BEGIN
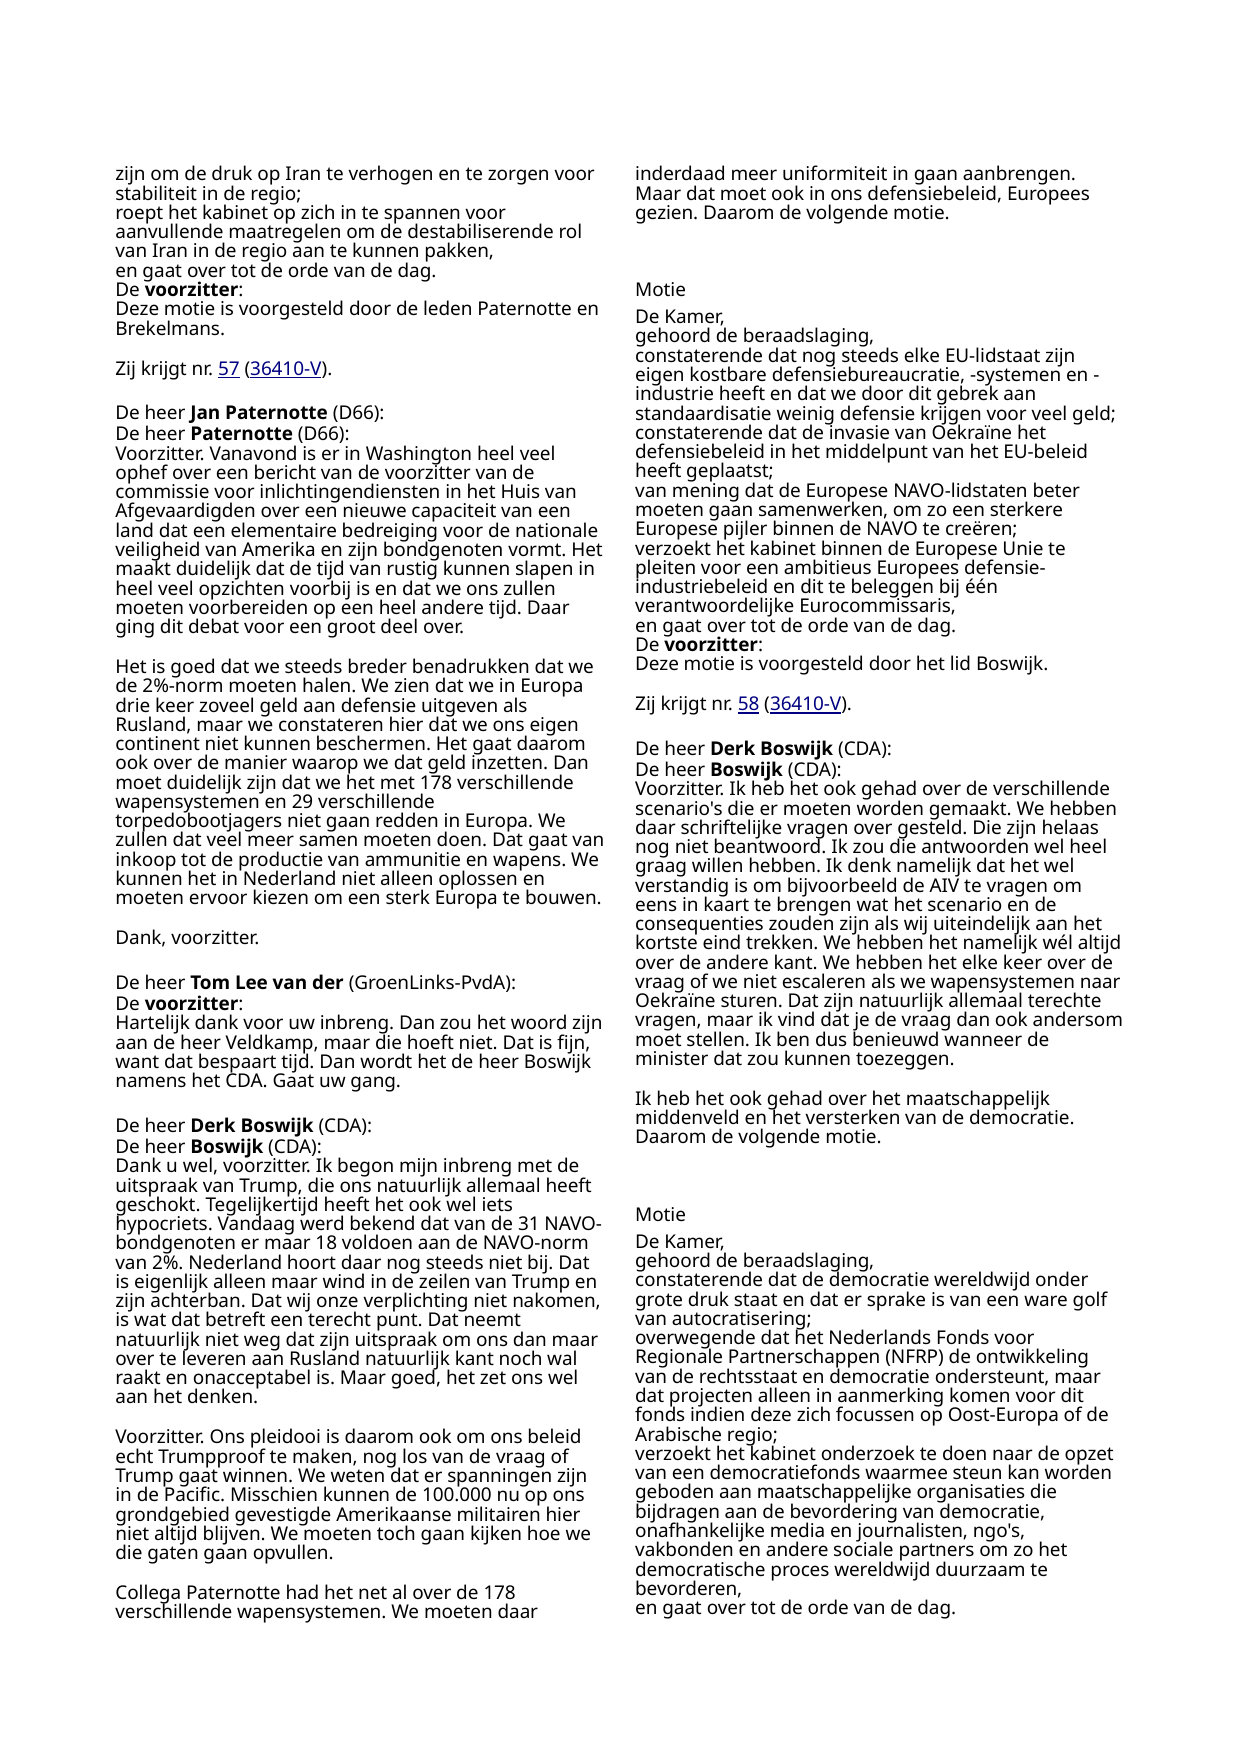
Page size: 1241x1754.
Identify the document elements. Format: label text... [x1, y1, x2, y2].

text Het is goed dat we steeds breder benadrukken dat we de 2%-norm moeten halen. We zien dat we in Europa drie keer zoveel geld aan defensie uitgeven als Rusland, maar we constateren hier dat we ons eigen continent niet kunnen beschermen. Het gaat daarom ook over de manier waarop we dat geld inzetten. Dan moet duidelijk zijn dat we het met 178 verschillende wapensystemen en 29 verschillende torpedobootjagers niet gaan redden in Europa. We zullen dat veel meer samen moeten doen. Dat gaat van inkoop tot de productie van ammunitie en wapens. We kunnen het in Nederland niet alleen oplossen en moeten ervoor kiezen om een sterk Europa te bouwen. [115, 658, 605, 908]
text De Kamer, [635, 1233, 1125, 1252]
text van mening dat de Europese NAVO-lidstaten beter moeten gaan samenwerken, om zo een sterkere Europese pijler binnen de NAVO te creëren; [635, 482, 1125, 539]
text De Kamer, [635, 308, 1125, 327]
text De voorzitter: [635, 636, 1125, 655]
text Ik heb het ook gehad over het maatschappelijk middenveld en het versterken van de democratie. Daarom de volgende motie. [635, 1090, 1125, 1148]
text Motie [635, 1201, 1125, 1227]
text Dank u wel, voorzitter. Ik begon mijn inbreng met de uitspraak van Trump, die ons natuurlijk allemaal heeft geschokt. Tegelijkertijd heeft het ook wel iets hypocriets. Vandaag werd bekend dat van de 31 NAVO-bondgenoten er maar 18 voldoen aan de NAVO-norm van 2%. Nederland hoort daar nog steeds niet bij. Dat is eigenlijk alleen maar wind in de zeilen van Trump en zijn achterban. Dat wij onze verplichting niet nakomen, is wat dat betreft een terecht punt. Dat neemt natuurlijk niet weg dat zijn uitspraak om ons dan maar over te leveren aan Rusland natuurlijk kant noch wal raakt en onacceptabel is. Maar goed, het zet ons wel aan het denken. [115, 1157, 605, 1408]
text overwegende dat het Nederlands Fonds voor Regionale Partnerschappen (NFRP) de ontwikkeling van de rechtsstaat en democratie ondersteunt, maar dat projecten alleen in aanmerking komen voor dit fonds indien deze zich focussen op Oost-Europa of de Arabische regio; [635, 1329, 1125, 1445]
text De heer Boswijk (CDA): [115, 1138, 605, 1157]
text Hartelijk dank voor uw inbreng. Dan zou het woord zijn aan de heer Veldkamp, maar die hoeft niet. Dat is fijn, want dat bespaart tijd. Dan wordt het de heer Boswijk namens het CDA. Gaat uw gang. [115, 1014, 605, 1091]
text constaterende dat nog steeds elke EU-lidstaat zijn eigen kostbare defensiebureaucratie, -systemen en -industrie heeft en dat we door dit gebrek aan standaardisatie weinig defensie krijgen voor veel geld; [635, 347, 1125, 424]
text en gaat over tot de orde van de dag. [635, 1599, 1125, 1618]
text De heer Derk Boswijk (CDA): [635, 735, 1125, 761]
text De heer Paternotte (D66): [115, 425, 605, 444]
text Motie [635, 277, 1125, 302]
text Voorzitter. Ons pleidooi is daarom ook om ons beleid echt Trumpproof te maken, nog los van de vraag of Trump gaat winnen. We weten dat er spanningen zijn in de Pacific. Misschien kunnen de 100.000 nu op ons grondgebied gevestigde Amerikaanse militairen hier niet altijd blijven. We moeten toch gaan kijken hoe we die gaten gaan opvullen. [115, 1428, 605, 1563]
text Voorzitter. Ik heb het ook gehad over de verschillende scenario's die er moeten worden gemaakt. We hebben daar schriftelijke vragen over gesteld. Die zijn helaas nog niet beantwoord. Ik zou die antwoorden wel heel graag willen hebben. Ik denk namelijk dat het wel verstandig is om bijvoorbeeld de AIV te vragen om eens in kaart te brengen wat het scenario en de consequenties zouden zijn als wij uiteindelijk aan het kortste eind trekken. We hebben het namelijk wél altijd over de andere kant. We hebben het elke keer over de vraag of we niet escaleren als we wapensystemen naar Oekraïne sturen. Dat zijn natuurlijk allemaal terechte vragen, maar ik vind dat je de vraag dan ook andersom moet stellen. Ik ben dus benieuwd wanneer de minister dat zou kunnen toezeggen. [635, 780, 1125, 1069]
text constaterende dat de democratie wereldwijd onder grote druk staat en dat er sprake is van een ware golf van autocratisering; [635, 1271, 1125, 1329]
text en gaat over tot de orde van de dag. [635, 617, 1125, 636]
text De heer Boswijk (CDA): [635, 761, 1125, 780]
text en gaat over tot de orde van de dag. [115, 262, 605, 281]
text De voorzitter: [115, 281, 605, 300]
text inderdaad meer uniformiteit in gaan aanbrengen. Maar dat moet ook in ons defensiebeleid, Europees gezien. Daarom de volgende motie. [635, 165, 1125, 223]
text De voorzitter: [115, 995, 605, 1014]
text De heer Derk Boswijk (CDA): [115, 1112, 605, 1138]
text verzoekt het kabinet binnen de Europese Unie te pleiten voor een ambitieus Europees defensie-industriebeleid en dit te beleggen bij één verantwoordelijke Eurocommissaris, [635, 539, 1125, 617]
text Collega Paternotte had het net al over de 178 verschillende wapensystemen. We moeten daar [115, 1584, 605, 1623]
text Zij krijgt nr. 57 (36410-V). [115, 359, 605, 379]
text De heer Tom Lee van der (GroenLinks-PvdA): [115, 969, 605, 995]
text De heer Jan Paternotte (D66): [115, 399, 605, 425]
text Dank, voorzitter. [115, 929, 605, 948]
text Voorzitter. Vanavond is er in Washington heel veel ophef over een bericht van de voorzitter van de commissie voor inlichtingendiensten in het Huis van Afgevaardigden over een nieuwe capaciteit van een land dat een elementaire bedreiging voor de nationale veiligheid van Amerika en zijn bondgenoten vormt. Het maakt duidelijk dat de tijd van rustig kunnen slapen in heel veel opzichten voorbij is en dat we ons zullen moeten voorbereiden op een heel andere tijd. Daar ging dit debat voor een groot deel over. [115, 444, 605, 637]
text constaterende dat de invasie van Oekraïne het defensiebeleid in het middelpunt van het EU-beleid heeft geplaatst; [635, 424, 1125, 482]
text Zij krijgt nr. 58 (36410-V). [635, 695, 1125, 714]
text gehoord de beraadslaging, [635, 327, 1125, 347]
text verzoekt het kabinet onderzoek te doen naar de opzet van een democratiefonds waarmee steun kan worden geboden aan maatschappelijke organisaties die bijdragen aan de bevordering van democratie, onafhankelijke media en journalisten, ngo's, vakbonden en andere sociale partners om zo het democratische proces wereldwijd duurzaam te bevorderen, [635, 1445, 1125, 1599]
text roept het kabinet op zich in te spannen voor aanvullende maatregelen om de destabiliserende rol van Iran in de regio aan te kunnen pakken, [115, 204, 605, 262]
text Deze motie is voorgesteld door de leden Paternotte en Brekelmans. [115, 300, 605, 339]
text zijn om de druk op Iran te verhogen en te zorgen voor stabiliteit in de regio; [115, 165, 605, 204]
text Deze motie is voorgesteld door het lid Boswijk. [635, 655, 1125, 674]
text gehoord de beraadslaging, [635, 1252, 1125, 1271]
END
BEGIN
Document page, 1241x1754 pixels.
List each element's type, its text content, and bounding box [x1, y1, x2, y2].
END
Task goal:
For this exercise, please output exactly the lines above starting at the line with "Document page, 1241x1754 pixels." and ending at the line with "List each element's", ends included.

Finished exercise:
Document page, 1241x1754 pixels.
List each element's type, its text content, and bounding box [x1, y1, x2, y2].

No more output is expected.